See the script proxy-cleaner.sh
The proxy will be configured for DNF and as an environment variable. This is done in a shell provisioner.
Also do not forget to configure the local RPM cache (/etc/squid/squid.conf) to use the Corporate proxy.
To avoid repetitive downloads of the same RPM, I setup a local cache with Squid and Apache on my local laptop.
Once installed (see below), you can launch it with rpm-cache/start.sh
I did not make it permanent, because I do not want to have Squid and Apache and security settings always on.

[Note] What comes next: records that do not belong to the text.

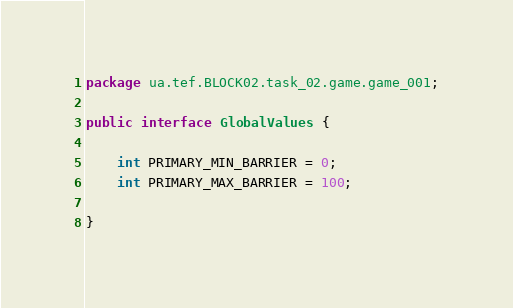<code> <loc_0><loc_0><loc_500><loc_500><_Java_>package ua.tef.BLOCK02.task_02.game.game_001;

public interface GlobalValues {

    int PRIMARY_MIN_BARRIER = 0;
    int PRIMARY_MAX_BARRIER = 100;

}</code> 
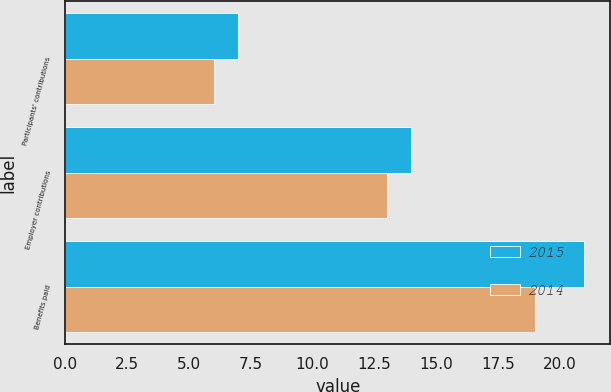Convert chart. <chart><loc_0><loc_0><loc_500><loc_500><stacked_bar_chart><ecel><fcel>Participants' contributions<fcel>Employer contributions<fcel>Benefits paid<nl><fcel>2015<fcel>7<fcel>14<fcel>21<nl><fcel>2014<fcel>6<fcel>13<fcel>19<nl></chart> 
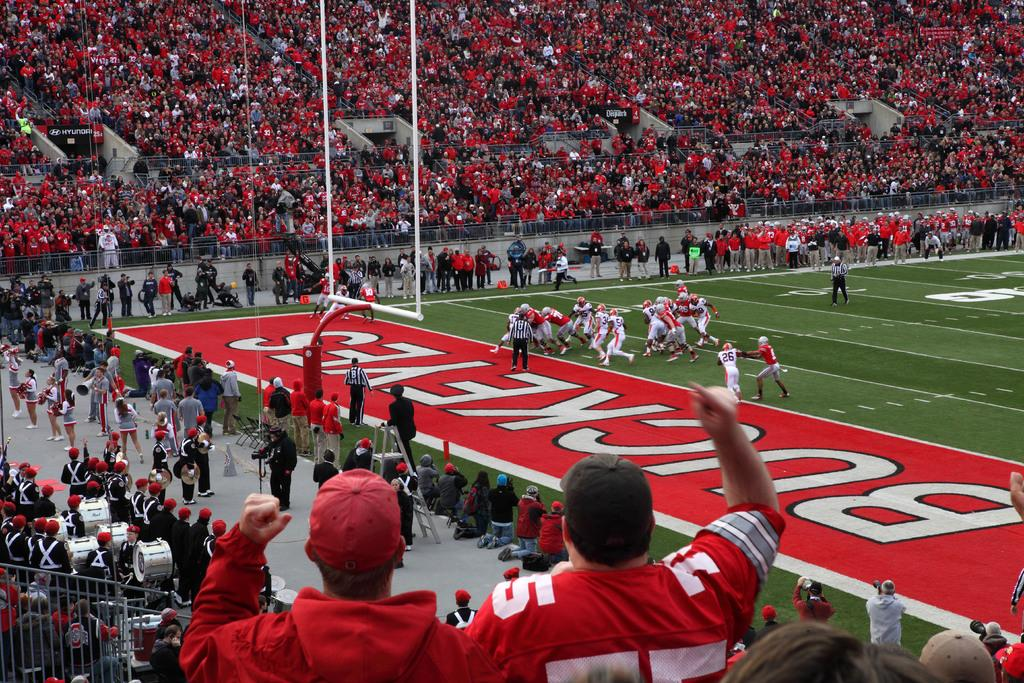<image>
Relay a brief, clear account of the picture shown. a football field that says 'buckeyes' on it

Your kickstart file must then use http://10.0.2.2/ or http://192.168.56.1/ depending on the interface setup in the packer template.
Inspiration:
- I mostly copied this https://www.berrange.com/posts/2015/12/09/setting-up-a-local-caching-proxy-for-fedora-yum-repositories/
- See also https://github.com/spacewalkproject/spacewalk/blob/master/proxy/installer/squid.conf
- General info (bit old and complicated): http://yum.baseurl.org/wiki/YumMultipleMachineCaching
An install script would looks like this (you may want to manually edit your squid config file):
sudo dnf install squid httpd
sudo cat >> /etc/squid/squid.conf <<EOF
# Uncomment the following 2 lines to use a Corporate proxy (see http://wiki.squid-cache.org/Features/CacheHierarchy)
#cache_peer Proxy.MyCorporate.net parent 80 0 no-query default login=YourLogin
#never_direct allow all
cache_replacement_policy heap LFUDA
maximum_object_size 8192 MB
cache_dir aufs /var/spool/squid 16000 16 256 max-size=8589934592
acl repomd url_regex /repomd\.xml$
cache deny repomd
EOF
sudo cp rpm-cache/dnfcache.conf /etc/httpd/conf.d/
# You have to explicitly create the Squid folder or SELinux will not allow the Squid service to write them (Squid won't even start without)
sudo squid -z
Simply run ./make.sh filexxx<.json>
. (It can take hours.)
And then ./launch.sh filexxx<.json>
The proxy should not be asking for a password. But in any case: Be careful not to commit your proxy password in the repository!
SELinux is enabled in the Guest. (There is one line to uncomment in the kickstart file to disable it)
Check the SSH key in kickstart (public) and Packer json template (path to private)
You may addi root password in the kickstart for debugging.
I setup 2 network interfaces:
- one to access Internet (Eth0 enp0s3 DHCP 10.0.2.0/24 "NAT")
- one for the host to access the guest (Eth1 enp0s8 DHCP 192.168.56.[101-254] "Host-only")
Once the VirtualBox extension are installed, one can ask for the "Host-only" IP with VBoxManage tools and SSH to the box. (see the launch.sh script)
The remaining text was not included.